Re: [PATCH v23 12/24] x86/sgx: Linux Enclave Driver

From: Sean Christopherson
Date: Wed Oct 30 2019 - 05:30:48 EST


On Tue, Oct 29, 2019 at 11:29:20AM +0200, Jarkko Sakkinen wrote:
> On Mon, Oct 28, 2019 at 11:03:12PM +0200, Jarkko Sakkinen wrote:
> > +/**
> > + * sgx_ioc_enclave_add_pages() - The handler for %SGX_IOC_ENCLAVE_ADD_PAGES
> > + * @encl: pointer to an enclave instance (via ioctl() file pointer)
> > + * @arg: a user pointer to a struct sgx_enclave_add_pages instance
> > + *
> > + * Add (EADD) one or more pages to an uninitialized enclave, and optionally
> > + * extend (EEXTEND) the measurement with the contents of the page. The range of
> > + * pages must be virtually contiguous. The SECINFO and measurement mask are
> > + * applied to all pages, i.e. pages with different properties must be added in
> > + * separate calls.
> > + *
> > + * A SECINFO for a TCS is required to always contain zero permissions because
> > + * CPU silently zeros them. Allowing anything else would cause a mismatch in
> > + * the measurement.
> > + *
> > + * mmap()'s protection bits are capped by the page permissions. For each page
> > + * address, the maximum protection bits are computed with the following
> > + * heuristics:
> > + *
> > + * 1. A regular page: PROT_R, PROT_W and PROT_X match the SECINFO permissions.
> > + * 2. A TCS page: PROT_R | PROT_W.
> > + * 3. No page: PROT_NONE.
> > + *
> > + * mmap() is not allowed to surpass the minimum of the maximum protection bits
> > + * within the given address range.
> > + *
> > + * As stated above, a non-existent page is interpreted as a page with no
> > + * permissions. In effect, this allows mmap() with PROT_NONE to be used to seek
> > + * an address range for the enclave that can be then populated into SECS.
> > + *
> > + * @arg->addr, @arg->src and @arg->length are adjusted to reflect the
> > + * remaining pages that need to be added to the enclave, e.g. userspace can
> > + * re-invoke SGX_IOC_ENCLAVE_ADD_PAGES using the same struct in response to an
> > + * ERESTARTSYS error.
> > + *
> > + * Return:
> > + * 0 on success,
> > + * -EINVAL if any input param or the SECINFO contains invalid data,
> > + * -EACCES if an executable source page is located in a noexec partition,
> > + * -ENOMEM if any memory allocation, including EPC, fails,
> > + * -ERESTARTSYS if a pending signal is recognized
> > + */
> > +static long sgx_ioc_enclave_add_pages(struct sgx_encl *encl, void __user *arg)
>
> This should return the number of pages processed instead of zero on
> success. Kernel needs to be able to cap the amount it will process.

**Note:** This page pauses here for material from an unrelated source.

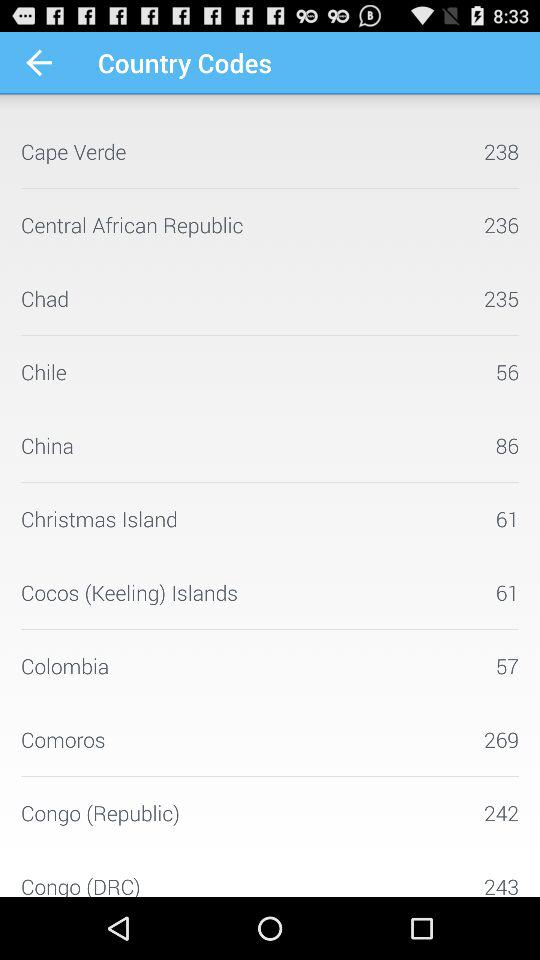What is the name of the country having a country code of 235? The name of the country that has a country code of 235 is Chad.

Why? The number of pages processed is effectively returned via the params
on any error, e.g. wouldn't it be more appropriate to return -ERESTARTSYS?
And I don't see any reason to add an arbitrary cap on the number of pages,
e.g. SGX plays nice with the scheduler and signals, and restricting the
number of EPC pages available to a process via cgroups (returning -ENOMEM)
is a better solution for managing EPC.